Vinny Finigan

Personal information
- Born: 4 August 1989 (age 36) Oldham, England
- Height: 5 ft 11 in (180 cm)
- Weight: 15 st 2 lb (96 kg)

Playing information
- Position: Wing, Fullback
Club
| Years | Team | Pld | T | G | FG | P |
| 2010–11 | Bradford Bulls | 5 | 4 | 0 | 0 | 16 |
| 2011–13 | Sheffield Eagles | 54 | 25 | 0 | 0 | 100 |
| 2013(loan) | → Dewsbury Rams | 2 | 0 | 0 | 0 | 0 |
| 2014 | Batley Bulldogs | 16 | 5 | 0 | 0 | 20 |
| 2015 | Hunslet Hawks | 14 | 3 | 0 | 0 | 12 |
| 2015(DR) | → Hemel Stags | 2 | 2 | 0 | 0 | 8 |
| 2016–17 | Keighley Cougars | 27 | 14 | 0 | 0 | 56 |
| 2018– | London Skolars | 18 | 10 | 0 | 0 | 40 |
|  | Total | 138 | 63 | 0 | 0 | 252 |
- Source: As of 17 May 2018

= Vinny Finigan =

English rugby league footballer

Vinny Finigan (born ), also known by the nickname of "Fini", is an English professional, rugby league footballer who plays for London Skolars. He is of Irish descent.

==Bradford bulls ==
Vinny Finigan is a product of the Bradford Academy.

Finigan made his début in Round 22 (Salford) of the 2010 Season on the wing, in place of the injured Stuart Reardon. He played for the rest of the season including Round 27 (Wigan). Finigan scored against Salford (2 tries) and Hull Kingston Rovers (2 tries). At the end of the 2010 season Finigan was given a professional contract keeping him at Bradford for another year.

In 2011 Finigan featured in three of the four pre-season games. He played against Halifax, Dewsbury and Keighley. Finigan scored against Dewsbury (2 tries) and Keighley (1 try).

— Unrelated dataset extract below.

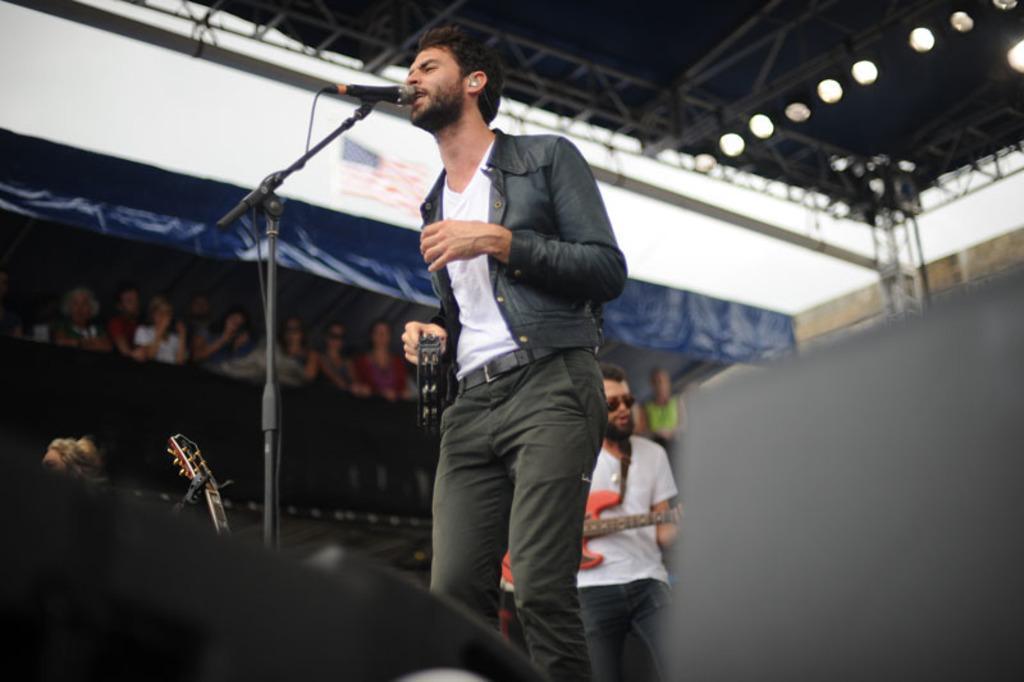Could you give a brief overview of what you see in this image? In the image there is a man in jacket singing on mic on the stage, behind him there is a man playing guitar, there are lights over the ceiling, on the left side it seems to be a tent with a flag above it and over the top it's sky.

He was not selected to play in any of the league or cup games this season. Finigan was dual registered with Championship side Sheffield Eagles.

==Sheffield Eagles==
Finigan was released from Bradford and he signed for Championship side Sheffield Eagles on a one-year deal. He signed an extension to his contract at the end of the year and played for two seasons for the Eagles.

==Batley Bulldogs==
After leaving Sheffield at the end of 2013, Finnigan joined Batley for the 2014 season. After a single season he moved to Hunslet Hawks

==Hunslet Hawks==
Three tries in 14 appearances during the 2015 season were all the appearances made by Finnigan for Hunslet as the club were relegated from the Championship to League 1. He also appeared twice for Hemel Stags on loan scoring two tries.

==Keighley Cougars==
Finigan signed for Keighley in October 2015. Scoring 9 tries in 13 games during the 2016 season, he extended his contract for 2017 but was released towards the end of the 2017 season.